Ma l’Ong ha constatato che per riuscire ad avvicinare i leader serve molto tatto.

“Non si può cominciare (ad avvicinarli) criticando il loro stile di vita in quanto arretrato. Chiuderebbero subito ogni contatto, rifiutando di parlarti. È più sicuro per esempio rivolgersi ai più anziani parlandogli dei problemi delle donne che sono state cacciate dal loro nucleo familiare. Cacciare le donne va contro lo spirito dell’ubuntu”, ha osservato Khumalo.

Il tema della Giornata mondiale della popolazione di quest’anno riecheggia quello del rapporto Unfpa 2005 sullo stato della popolazione mondiale: “La promessa dell’uguaglianza: parità di genere, salute riproduttiva e Obiettivi di sviluppo del millennio (MDG)”.

“Collaborare con gli uomini è una strategia importante per fare progressi nei diritti della salute riproduttiva, che sono strettamente collegati agli MDG”, si legge nel documento.

“Spesso sono i mariti a prendere le decisioni sull’organizzazione familiare, sulle attività economiche delle mogli o su come utilizzare le risorse familiari, come le spese mediche e scolastiche. Queste decisioni influiscono sul benessere e sulle prospettive dell’intera famiglia”, si aggiunge.
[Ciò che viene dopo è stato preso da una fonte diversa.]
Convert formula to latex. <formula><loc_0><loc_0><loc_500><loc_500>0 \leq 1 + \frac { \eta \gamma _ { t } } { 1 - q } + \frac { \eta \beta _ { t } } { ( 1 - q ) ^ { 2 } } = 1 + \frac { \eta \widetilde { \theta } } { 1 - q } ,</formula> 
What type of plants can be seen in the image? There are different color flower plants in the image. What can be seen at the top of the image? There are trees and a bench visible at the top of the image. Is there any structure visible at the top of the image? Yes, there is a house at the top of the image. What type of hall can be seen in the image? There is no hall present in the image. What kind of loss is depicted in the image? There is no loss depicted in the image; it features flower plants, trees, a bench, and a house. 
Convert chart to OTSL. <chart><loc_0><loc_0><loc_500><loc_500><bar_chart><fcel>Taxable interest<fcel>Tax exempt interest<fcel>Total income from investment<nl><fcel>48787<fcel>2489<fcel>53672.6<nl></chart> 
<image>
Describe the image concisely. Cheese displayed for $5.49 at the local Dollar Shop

“Le cure e il sostegno di un marito informato migliorano anche gli esiti della gravidanza e del parto, e possono fare la differenza tra la vita e la morte nei casi di complicanze, quando le donne hanno bisogno di cure mediche immediate”.

Secondo il Rapporto sullo sviluppo umano 2006 prodotto dal Programma Onu per lo sviluppo (Undp), l’84 per cento dei parti in Sud Africa avviene in presenza di operatori sanitari preparati – il personale in grado di evitare che le complicanze portino alla morte materna.
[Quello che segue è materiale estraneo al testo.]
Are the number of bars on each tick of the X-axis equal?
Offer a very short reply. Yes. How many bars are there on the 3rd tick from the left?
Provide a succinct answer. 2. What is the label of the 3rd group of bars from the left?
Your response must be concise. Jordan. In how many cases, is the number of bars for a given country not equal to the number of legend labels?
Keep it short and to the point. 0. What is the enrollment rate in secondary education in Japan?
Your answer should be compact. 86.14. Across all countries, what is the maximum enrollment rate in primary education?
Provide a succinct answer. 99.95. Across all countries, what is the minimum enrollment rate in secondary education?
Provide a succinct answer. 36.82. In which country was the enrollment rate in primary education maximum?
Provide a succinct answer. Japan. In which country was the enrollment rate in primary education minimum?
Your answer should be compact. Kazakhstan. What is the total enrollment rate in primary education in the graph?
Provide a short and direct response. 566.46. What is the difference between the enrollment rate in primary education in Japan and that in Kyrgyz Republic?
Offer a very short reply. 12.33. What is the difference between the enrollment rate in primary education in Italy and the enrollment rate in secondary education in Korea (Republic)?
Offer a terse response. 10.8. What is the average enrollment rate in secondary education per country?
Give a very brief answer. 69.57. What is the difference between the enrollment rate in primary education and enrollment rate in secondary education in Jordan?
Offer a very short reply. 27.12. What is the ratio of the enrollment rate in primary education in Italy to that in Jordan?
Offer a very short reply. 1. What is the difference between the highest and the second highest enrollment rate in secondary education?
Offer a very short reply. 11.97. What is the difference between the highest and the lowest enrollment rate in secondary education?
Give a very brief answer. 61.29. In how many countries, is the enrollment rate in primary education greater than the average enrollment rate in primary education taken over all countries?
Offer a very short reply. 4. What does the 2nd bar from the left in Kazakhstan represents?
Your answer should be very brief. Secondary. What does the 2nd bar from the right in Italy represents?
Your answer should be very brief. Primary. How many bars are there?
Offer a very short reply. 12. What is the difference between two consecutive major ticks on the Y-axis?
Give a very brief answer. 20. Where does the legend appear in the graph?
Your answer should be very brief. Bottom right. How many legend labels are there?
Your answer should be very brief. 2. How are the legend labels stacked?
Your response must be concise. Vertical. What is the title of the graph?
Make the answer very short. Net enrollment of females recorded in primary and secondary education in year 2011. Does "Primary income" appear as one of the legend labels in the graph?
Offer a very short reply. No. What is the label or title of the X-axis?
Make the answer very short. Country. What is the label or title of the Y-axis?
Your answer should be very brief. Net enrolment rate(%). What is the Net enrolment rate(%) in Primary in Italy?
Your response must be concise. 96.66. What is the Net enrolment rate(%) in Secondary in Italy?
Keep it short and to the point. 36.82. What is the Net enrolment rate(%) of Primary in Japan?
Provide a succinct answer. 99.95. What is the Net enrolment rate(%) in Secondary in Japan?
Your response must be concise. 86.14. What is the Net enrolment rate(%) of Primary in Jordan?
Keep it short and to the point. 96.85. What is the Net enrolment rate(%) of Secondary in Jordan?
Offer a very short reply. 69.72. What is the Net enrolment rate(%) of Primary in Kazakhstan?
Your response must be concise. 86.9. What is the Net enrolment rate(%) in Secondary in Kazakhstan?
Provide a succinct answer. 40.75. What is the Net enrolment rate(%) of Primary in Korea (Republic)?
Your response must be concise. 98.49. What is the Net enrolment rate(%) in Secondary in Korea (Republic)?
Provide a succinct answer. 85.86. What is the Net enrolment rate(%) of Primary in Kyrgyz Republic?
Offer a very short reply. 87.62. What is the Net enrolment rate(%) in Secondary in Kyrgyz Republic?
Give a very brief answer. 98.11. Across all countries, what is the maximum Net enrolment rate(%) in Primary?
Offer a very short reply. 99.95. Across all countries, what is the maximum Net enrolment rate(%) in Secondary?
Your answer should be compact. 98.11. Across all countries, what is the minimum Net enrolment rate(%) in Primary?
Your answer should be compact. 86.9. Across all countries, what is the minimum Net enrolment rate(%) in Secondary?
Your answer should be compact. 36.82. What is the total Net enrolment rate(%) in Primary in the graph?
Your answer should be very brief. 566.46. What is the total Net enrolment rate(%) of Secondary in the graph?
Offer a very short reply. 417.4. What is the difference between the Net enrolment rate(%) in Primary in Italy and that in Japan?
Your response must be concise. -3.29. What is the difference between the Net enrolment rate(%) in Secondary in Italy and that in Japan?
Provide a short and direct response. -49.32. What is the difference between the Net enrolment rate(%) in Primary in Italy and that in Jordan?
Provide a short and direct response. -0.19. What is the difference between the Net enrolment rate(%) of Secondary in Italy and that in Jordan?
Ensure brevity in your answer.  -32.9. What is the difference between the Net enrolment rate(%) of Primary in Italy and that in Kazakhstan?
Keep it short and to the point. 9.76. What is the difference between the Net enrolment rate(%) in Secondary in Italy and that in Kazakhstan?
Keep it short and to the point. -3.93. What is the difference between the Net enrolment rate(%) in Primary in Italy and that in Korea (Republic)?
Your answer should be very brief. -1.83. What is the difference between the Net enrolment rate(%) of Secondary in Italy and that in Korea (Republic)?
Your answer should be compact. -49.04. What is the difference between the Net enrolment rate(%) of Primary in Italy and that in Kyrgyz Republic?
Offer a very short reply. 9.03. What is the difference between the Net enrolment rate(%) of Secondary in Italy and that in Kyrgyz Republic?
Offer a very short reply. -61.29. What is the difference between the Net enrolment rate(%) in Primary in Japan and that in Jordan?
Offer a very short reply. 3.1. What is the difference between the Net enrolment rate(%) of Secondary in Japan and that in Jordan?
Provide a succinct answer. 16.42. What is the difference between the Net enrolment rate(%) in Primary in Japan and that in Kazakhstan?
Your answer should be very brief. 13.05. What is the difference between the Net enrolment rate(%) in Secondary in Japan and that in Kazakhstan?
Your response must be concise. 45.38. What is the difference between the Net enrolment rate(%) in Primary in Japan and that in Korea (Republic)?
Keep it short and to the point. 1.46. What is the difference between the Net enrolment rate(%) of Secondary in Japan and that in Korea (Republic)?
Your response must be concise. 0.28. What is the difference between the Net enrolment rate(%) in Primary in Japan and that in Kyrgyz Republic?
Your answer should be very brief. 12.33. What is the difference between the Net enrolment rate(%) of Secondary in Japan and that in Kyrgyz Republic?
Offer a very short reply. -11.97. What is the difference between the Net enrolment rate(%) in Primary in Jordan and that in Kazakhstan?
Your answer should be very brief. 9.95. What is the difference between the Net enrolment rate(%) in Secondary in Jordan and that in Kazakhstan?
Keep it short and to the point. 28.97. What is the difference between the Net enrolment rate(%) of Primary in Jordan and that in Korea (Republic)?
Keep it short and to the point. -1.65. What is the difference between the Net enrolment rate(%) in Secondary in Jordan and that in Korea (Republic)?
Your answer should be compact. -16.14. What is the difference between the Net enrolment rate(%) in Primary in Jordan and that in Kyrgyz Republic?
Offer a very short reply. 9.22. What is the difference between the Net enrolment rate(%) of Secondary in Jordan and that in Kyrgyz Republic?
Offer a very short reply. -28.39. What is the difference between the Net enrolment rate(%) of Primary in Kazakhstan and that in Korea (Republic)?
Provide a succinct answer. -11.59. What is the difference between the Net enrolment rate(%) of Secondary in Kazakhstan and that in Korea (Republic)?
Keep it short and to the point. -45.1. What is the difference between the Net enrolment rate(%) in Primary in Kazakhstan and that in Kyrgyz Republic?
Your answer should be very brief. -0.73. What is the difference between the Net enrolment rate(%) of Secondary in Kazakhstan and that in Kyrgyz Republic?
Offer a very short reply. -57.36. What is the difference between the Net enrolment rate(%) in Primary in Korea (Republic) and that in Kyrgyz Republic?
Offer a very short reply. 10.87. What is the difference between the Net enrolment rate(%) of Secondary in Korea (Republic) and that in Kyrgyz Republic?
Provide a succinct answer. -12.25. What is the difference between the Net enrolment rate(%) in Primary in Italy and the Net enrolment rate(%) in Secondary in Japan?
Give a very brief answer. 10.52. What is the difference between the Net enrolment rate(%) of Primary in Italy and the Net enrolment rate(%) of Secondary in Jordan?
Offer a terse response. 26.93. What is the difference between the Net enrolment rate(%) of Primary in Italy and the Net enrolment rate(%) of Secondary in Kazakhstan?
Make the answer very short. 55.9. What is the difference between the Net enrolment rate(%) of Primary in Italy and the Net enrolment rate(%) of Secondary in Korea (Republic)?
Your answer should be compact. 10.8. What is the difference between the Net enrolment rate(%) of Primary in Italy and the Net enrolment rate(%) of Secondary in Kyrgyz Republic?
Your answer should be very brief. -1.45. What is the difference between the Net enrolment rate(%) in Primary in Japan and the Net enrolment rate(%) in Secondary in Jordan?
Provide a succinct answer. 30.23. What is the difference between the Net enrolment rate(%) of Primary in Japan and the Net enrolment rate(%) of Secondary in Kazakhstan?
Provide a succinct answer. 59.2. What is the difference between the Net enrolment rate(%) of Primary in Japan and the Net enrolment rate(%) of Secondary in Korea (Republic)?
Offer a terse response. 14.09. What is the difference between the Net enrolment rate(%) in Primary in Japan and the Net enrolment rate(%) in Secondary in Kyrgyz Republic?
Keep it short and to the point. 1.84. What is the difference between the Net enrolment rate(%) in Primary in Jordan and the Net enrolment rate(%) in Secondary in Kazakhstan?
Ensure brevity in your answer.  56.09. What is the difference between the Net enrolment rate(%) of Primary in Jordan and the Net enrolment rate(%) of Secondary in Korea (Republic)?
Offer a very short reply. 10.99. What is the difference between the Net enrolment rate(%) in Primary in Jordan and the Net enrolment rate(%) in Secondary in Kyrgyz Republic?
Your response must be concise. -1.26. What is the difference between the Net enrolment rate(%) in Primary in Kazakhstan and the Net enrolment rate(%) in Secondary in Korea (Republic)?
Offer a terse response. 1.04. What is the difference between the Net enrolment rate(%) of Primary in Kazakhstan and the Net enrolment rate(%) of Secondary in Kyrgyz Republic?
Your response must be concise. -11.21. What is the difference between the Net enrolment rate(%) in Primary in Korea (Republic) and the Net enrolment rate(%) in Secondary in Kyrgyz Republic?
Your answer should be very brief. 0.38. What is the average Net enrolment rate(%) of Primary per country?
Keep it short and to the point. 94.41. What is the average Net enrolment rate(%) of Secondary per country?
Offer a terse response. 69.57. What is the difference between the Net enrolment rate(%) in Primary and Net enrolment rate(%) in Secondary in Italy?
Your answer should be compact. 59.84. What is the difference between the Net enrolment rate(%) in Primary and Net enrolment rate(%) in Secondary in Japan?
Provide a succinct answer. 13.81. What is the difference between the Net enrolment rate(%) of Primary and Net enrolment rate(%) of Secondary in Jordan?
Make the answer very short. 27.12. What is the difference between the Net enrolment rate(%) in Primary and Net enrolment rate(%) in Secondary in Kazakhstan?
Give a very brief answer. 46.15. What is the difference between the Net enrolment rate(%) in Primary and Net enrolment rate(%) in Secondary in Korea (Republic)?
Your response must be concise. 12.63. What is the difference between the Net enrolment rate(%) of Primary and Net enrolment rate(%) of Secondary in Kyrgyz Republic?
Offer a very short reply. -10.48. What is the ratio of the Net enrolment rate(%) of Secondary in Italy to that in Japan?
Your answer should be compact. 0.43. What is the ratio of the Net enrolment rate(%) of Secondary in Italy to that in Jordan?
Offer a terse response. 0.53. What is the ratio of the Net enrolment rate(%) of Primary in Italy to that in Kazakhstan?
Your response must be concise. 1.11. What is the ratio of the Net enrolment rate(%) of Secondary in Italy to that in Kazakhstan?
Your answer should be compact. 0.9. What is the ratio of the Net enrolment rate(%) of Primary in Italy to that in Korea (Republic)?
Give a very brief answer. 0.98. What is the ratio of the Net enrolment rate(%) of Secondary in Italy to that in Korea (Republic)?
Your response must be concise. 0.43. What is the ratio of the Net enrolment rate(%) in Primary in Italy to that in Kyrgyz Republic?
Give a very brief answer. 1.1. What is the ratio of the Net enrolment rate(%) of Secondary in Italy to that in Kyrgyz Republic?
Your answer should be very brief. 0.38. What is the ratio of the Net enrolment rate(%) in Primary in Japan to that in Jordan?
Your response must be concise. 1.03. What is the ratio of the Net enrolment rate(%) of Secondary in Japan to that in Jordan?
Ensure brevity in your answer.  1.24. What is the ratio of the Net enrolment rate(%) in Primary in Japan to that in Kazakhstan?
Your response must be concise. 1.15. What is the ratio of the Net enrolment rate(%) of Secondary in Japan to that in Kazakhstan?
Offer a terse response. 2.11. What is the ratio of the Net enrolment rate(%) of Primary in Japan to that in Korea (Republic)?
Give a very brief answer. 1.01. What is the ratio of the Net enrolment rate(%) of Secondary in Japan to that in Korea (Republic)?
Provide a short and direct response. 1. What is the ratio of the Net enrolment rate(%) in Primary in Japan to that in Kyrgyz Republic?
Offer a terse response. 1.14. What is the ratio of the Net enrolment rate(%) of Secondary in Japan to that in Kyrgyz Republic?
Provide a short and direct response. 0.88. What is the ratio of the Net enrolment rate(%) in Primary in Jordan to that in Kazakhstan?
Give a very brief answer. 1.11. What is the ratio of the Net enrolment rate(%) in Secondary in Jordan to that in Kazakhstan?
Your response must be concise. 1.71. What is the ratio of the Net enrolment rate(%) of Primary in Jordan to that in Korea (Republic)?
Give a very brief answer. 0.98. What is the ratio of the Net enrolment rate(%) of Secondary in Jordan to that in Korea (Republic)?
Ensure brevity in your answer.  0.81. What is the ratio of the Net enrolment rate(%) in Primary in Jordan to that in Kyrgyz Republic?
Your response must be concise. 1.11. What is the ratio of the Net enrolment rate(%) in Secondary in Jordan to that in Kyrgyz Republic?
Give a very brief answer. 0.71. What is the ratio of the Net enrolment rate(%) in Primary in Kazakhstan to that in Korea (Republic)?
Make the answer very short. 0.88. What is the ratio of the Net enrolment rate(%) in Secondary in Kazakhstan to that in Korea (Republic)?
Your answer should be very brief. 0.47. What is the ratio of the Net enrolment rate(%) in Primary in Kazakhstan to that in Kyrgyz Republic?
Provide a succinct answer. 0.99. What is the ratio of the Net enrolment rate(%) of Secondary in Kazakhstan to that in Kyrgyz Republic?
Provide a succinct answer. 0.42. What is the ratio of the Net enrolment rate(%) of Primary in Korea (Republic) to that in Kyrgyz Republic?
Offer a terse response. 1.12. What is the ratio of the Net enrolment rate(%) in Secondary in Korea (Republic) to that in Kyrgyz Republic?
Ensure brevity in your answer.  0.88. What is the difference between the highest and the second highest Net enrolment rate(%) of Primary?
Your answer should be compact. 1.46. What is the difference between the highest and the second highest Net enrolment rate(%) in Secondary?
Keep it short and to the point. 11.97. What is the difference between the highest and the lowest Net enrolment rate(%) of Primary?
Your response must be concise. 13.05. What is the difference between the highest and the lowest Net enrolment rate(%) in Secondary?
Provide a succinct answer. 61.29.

Questo dato sale al 98 per cento nel caso dei parti del 20 per cento più ricco della popolazione – e precipita al 68 per cento nel quinto più povero della società.

Il fatto che molte donne partoriscano in condizioni a rischio si riflette nelle percentuali della mortalità materna. Il Rapporto sullo sviluppo umano osserva che ogni anno si registrano 150 morti materne ogni 100.000 nati vivi in Sud Africa – rispetto alle 6 della Norvegia, il paese in cima alla lista nell’Indice di sviluppo umano (HDI).

L’HDI classifica i paesi di tutto il mondo secondo il modo in cui riescono ad offrire ai loro cittadini una vita lunga e sana; conoscenza, e standard di vita dignitosi.

La percentuale nell’uso di metodi contraccettivi in Sud Africa nelle donne sposate tra i 15 e i 49 anni è del 56 per cento, mentre in Svizzera, Paesi Bassi e Stati Uniti – paesi che figurano tra i primi 10 nell’HDI – è rispettivamente dell’82, 79 e 76 per cento.

Il Sud Africa occupa il 121esimo posto su un totale di 177 nazioni valutate per l’HDI 2006. Ma nel rapporto dell’Indice sullo sviluppo correlato al genere, dove la classifica dell’HDI è adattata per riflettere le disuguaglianze tra uomini e donne, il Sud Africa occupa la 92 esima posizione.

E il confronto con i dati pubblicati appena cinque anni prima non risulta positivo.

Nell’HDI 2001, che comprendeva 162 nazioni, il Sud Africa era al 94esimo posto – e 85esimo nell’Indice sullo sviluppo correlato al genere.

Dei 5,3 milioni di adulti che vivono con l’Hiv/Aids nel paese, più della metà – 3,1 milioni – sono donne, secondo il Programma congiunto dell’Onu sull’Hiv/Aids.